Given entries ->
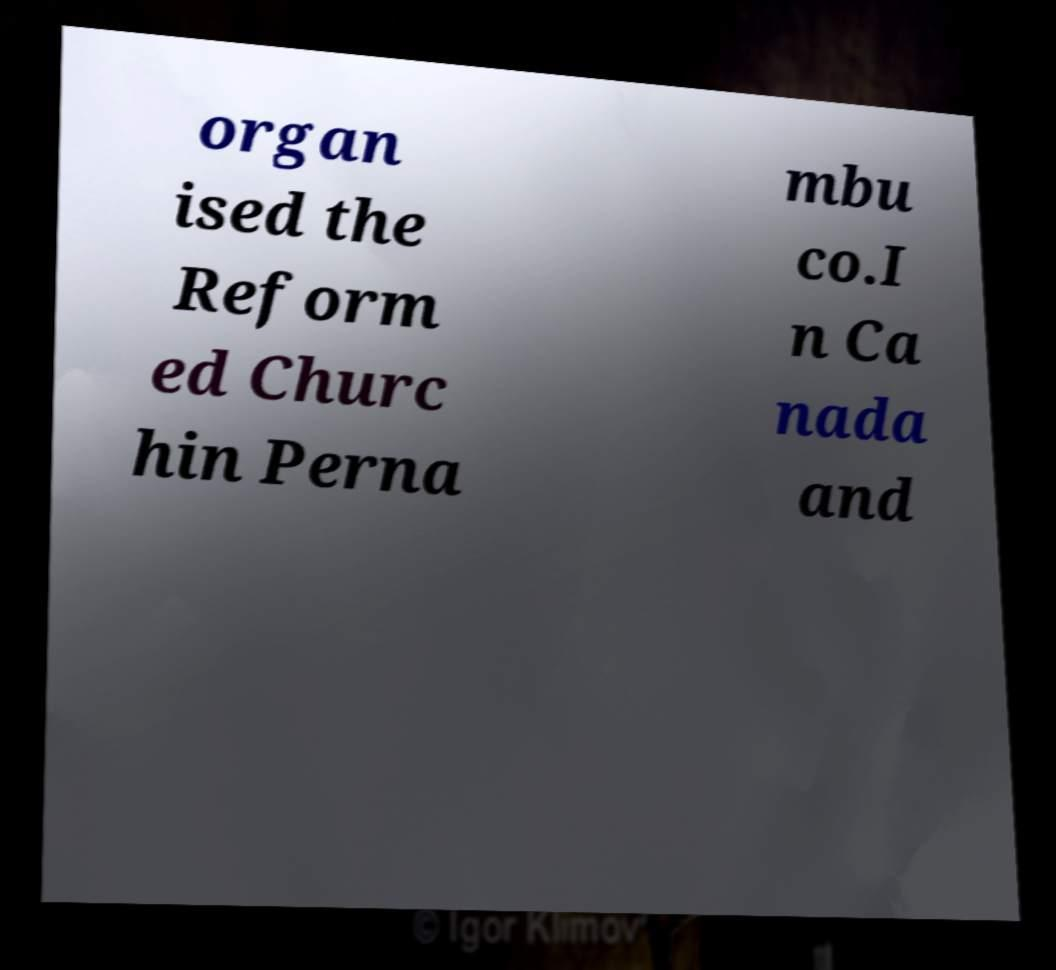I need the written content from this picture converted into text. Can you do that? organ ised the Reform ed Churc hin Perna mbu co.I n Ca nada and 
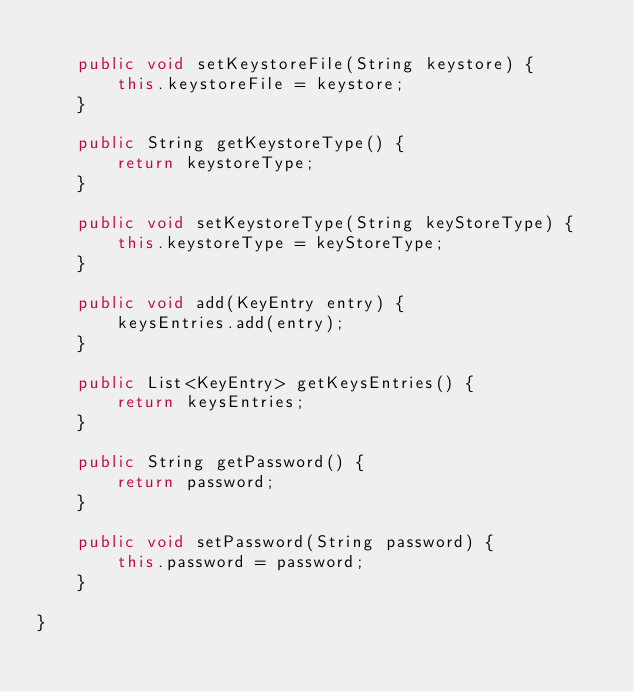Convert code to text. <code><loc_0><loc_0><loc_500><loc_500><_Java_>
    public void setKeystoreFile(String keystore) {
        this.keystoreFile = keystore;
    }

    public String getKeystoreType() {
        return keystoreType;
    }

    public void setKeystoreType(String keyStoreType) {
        this.keystoreType = keyStoreType;
    }

    public void add(KeyEntry entry) {
        keysEntries.add(entry);
    }

    public List<KeyEntry> getKeysEntries() {
        return keysEntries;
    }

    public String getPassword() {
        return password;
    }

    public void setPassword(String password) {
        this.password = password;
    }
    
}
</code>

Exercise instructions -> Omit the pictures, then print the rest of the listing above exactly.

Solution for this task ->
I need the written content from this picture converted into text. Can you do that? organ ised the Reform ed Churc hin Perna mbu co.I n Ca nada and 
Convert code to text. <code><loc_0><loc_0><loc_500><loc_500><_Java_>
    public void setKeystoreFile(String keystore) {
        this.keystoreFile = keystore;
    }

    public String getKeystoreType() {
        return keystoreType;
    }

    public void setKeystoreType(String keyStoreType) {
        this.keystoreType = keyStoreType;
    }

    public void add(KeyEntry entry) {
        keysEntries.add(entry);
    }

    public List<KeyEntry> getKeysEntries() {
        return keysEntries;
    }

    public String getPassword() {
        return password;
    }

    public void setPassword(String password) {
        this.password = password;
    }
    
}
</code>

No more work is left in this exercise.